With the line containing "Provide a succinct answer. 1.09." as the start and the line containing "Make the answer very short. 0.75." as the end, transcribe that span of the entries below exactly, including both.

(Stored dataset items)
- - -

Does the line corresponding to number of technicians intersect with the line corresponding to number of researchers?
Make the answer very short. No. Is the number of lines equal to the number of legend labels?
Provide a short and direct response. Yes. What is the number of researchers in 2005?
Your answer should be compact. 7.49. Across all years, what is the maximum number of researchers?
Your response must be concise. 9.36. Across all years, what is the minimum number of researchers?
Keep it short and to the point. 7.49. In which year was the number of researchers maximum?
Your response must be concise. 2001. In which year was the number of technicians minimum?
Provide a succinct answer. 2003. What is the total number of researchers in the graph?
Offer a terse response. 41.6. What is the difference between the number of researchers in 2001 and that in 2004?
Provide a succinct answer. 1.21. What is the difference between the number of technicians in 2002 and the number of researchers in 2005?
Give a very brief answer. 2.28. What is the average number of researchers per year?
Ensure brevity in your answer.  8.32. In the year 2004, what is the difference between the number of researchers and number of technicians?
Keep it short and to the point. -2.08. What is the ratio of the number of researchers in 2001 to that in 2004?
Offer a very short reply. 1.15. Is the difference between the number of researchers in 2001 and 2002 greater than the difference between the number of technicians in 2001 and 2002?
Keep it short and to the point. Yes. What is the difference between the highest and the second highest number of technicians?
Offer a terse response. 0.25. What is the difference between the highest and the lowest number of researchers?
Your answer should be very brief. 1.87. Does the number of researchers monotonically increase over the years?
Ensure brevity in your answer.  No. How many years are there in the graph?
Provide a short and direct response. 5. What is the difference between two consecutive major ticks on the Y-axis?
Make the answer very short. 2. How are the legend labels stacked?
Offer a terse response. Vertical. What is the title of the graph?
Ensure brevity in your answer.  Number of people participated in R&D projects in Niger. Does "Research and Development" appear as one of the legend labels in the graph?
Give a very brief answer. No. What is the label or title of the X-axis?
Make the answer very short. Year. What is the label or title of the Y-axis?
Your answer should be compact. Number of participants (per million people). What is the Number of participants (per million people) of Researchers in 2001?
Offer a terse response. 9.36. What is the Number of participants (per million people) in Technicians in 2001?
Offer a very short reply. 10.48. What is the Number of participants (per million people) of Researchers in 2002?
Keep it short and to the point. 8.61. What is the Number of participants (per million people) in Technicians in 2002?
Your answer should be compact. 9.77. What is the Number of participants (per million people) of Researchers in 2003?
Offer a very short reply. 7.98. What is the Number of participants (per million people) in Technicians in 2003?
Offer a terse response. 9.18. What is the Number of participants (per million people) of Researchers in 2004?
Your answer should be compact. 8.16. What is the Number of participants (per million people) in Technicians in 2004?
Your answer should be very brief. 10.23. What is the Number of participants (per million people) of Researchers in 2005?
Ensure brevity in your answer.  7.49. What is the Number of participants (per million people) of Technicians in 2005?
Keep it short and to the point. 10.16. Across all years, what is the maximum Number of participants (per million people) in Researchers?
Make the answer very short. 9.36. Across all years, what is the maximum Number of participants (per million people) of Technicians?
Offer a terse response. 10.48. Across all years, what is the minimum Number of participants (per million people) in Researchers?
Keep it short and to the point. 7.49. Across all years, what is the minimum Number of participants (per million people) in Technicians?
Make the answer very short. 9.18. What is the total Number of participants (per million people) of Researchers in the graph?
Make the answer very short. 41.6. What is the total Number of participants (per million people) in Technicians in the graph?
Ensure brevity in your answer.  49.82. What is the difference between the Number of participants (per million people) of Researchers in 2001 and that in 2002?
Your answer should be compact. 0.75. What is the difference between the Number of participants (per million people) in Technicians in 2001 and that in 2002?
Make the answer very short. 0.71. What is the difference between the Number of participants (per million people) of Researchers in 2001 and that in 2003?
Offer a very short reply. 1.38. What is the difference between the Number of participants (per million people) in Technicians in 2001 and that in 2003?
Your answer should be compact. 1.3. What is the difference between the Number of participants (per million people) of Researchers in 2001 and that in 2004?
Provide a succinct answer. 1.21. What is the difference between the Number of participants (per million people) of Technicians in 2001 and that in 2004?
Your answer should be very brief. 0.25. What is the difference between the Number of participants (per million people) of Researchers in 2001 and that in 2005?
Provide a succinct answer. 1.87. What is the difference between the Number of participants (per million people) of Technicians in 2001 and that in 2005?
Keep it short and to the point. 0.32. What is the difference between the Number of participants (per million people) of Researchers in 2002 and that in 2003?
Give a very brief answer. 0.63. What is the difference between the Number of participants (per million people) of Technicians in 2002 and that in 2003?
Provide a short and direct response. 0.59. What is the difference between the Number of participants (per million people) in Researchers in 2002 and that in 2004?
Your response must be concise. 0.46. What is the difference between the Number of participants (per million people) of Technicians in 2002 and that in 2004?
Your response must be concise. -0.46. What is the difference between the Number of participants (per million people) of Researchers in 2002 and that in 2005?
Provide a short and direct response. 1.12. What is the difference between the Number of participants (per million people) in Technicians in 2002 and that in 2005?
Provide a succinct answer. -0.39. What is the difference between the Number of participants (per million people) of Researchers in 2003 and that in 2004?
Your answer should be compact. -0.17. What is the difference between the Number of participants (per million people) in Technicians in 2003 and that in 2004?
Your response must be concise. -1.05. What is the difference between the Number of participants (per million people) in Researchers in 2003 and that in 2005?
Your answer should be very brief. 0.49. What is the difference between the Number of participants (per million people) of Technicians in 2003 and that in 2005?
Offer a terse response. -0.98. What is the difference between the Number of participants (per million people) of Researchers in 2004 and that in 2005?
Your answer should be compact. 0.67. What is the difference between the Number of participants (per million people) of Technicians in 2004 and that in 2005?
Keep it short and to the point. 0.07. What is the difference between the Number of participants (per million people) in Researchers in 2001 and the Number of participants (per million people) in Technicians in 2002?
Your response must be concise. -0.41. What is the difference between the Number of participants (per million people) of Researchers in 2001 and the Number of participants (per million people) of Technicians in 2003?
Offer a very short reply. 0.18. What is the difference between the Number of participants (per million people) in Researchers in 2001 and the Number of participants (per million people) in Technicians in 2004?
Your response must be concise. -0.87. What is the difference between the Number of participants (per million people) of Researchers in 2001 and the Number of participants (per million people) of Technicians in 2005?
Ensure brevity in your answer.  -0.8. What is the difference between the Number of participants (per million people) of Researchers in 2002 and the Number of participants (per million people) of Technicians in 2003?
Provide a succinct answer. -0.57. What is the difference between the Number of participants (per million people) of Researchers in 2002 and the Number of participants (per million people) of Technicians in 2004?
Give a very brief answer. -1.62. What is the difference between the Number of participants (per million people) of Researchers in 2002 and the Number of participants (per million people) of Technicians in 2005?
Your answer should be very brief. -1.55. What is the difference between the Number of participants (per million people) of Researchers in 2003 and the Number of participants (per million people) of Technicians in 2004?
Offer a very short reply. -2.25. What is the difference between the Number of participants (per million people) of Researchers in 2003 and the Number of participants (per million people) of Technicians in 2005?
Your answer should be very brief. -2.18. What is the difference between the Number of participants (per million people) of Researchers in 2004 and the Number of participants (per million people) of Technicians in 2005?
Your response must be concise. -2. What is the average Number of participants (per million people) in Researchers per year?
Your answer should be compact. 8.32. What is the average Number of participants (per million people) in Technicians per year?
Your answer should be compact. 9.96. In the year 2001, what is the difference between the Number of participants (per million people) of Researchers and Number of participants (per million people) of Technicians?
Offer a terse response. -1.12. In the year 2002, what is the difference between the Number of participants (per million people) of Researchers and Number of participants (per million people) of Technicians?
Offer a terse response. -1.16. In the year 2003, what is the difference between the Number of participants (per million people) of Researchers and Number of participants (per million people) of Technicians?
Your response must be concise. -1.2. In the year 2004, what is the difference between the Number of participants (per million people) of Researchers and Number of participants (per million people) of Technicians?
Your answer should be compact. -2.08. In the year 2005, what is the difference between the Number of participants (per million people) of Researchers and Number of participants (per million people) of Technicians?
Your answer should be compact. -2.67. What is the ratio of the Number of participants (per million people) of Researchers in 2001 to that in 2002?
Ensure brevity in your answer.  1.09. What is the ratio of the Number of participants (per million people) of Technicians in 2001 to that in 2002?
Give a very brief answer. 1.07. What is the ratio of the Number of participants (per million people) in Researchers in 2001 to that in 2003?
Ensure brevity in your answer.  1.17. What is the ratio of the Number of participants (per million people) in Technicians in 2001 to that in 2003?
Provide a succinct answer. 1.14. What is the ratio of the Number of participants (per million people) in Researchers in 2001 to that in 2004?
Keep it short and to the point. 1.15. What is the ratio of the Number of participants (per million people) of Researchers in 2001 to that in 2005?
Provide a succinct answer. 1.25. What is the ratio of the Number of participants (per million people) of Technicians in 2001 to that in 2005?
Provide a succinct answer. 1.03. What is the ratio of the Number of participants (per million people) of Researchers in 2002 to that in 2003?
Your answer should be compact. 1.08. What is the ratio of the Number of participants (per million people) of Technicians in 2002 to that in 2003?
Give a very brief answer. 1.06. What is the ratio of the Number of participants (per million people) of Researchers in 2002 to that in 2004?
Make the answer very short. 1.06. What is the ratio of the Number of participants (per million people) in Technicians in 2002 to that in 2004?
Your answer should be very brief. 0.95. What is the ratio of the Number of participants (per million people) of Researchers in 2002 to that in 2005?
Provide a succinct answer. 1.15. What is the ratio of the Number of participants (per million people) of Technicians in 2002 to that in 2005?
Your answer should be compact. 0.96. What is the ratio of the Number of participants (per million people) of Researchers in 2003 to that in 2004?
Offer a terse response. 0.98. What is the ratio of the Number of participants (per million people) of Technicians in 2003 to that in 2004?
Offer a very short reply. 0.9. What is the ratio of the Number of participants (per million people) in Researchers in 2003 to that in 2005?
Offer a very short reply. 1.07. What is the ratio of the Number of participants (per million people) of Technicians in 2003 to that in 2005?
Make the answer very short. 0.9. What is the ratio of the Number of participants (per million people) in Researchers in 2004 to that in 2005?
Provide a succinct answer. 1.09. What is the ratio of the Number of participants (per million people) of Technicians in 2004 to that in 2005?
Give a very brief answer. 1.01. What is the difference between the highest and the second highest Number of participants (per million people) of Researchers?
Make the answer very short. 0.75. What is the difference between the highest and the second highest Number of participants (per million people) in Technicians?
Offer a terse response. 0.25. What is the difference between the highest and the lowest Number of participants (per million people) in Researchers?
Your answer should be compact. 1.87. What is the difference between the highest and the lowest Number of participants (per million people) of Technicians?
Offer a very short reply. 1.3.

- - -

(Reply):
Provide a succinct answer. 1.09. What is the ratio of the Number of participants (per million people) of Technicians in 2004 to that in 2005?
Give a very brief answer. 1.01. What is the difference between the highest and the second highest Number of participants (per million people) of Researchers?
Make the answer very short. 0.75. What is the difference between the highest and the second highest Number of participants (per million people) in Technicians?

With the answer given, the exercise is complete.